» Assigned task:
Look below for the line that contains "Identify the document", then copy it and each following line exactly, through and including the line that contains "text Datum ontvangst: 7".
[Source data Boundary: Start]
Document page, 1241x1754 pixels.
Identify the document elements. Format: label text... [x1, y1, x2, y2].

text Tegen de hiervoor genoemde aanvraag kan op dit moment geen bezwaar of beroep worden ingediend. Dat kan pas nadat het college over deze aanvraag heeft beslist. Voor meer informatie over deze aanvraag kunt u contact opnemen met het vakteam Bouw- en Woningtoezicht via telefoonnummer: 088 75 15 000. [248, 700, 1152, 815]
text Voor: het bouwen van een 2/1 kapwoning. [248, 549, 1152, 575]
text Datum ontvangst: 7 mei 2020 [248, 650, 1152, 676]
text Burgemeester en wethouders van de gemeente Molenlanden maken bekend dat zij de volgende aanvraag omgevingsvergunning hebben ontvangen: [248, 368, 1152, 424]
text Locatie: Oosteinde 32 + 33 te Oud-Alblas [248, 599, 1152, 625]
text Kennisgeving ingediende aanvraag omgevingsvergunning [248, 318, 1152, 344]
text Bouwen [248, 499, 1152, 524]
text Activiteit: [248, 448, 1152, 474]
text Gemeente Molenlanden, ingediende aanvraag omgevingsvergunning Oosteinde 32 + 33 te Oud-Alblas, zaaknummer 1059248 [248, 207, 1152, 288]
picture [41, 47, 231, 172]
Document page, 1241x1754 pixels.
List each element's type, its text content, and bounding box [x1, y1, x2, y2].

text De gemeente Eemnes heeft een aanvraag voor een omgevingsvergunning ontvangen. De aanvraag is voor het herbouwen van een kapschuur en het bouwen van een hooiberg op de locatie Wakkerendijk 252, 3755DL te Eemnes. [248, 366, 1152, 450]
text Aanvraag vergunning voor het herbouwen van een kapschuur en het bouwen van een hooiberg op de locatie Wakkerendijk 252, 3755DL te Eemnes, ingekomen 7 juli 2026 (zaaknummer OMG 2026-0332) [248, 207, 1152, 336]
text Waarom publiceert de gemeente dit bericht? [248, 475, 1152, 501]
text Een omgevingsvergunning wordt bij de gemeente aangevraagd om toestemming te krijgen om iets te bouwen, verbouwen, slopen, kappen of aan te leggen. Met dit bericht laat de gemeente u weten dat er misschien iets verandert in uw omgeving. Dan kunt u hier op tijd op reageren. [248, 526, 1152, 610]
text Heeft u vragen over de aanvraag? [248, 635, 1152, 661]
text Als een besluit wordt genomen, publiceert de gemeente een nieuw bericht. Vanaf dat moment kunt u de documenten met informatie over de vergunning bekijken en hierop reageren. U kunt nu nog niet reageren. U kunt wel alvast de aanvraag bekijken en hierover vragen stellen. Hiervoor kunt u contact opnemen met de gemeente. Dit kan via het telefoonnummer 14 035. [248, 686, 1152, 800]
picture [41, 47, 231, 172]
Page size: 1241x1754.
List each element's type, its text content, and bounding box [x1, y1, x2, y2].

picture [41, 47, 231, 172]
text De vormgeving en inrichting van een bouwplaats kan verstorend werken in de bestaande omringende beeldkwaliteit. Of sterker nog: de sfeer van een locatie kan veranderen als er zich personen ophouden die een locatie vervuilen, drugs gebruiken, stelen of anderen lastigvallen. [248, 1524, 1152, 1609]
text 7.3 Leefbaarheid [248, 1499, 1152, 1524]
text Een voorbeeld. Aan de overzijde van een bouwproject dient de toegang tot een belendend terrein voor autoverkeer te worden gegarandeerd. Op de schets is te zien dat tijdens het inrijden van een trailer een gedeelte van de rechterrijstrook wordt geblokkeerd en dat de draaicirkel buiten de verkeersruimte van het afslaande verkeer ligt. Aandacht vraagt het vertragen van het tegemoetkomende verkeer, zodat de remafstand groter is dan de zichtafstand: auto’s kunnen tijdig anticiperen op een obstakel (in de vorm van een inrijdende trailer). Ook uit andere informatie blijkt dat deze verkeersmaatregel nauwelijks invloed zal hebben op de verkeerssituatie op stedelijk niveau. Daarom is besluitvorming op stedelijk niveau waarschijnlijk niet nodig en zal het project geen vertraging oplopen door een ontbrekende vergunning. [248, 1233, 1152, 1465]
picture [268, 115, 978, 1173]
[Source data Boundary: End]
» Answer to this task:
Identify the document elements. Format: label text... [x1, y1, x2, y2].

text Tegen de hiervoor genoemde aanvraag kan op dit moment geen bezwaar of beroep worden ingediend. Dat kan pas nadat het college over deze aanvraag heeft beslist. Voor meer informatie over deze aanvraag kunt u contact opnemen met het vakteam Bouw- en Woningtoezicht via telefoonnummer: 088 75 15 000. [248, 700, 1152, 815]
text Voor: het bouwen van een 2/1 kapwoning. [248, 549, 1152, 575]
text Datum ontvangst: 7 mei 2020 [248, 650, 1152, 676]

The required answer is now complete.